> Records provided

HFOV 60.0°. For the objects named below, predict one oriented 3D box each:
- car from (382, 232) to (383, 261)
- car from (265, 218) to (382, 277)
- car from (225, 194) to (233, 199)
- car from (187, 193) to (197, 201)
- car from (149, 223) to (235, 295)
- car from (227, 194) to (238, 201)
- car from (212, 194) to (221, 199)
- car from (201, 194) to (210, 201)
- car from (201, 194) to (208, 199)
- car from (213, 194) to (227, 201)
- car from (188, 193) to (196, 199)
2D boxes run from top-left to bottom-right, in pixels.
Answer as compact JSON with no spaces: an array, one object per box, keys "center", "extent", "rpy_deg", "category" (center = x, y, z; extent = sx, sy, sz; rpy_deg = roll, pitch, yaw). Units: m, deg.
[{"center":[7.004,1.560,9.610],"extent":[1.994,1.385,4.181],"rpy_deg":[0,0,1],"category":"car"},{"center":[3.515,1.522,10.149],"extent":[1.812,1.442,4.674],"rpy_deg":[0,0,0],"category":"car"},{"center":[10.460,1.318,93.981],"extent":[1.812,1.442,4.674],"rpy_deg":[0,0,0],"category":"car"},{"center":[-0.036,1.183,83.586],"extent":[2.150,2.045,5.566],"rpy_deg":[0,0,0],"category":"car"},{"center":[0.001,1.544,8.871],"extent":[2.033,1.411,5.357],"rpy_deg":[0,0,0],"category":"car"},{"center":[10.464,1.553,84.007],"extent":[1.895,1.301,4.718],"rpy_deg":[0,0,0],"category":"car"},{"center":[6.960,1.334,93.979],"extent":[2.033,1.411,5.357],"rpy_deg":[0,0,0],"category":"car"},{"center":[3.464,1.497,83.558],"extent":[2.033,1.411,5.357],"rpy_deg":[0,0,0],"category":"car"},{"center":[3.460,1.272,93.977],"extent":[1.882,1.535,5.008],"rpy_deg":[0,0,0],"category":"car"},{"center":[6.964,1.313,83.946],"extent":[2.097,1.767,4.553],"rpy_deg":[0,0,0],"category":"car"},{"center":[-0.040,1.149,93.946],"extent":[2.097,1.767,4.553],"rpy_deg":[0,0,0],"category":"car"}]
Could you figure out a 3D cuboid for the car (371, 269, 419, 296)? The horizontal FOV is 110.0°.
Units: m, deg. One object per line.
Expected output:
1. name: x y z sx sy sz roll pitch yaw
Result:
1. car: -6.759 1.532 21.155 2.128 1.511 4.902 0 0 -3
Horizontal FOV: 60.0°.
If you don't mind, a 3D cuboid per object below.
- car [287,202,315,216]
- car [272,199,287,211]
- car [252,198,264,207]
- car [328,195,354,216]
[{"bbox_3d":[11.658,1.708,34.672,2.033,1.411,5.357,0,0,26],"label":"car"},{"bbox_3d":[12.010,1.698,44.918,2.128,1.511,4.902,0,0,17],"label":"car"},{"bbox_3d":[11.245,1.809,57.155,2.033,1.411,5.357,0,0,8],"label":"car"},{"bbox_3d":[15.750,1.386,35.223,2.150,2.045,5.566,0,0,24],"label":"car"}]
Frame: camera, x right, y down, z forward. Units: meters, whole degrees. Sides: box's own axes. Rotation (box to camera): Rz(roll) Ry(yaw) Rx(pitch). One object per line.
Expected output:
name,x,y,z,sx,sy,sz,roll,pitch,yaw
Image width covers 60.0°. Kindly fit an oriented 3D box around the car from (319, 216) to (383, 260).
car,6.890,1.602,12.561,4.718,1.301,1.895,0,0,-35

> Task instructions
Check every line of the data for the word "right". The response is the count alone.

> Result
2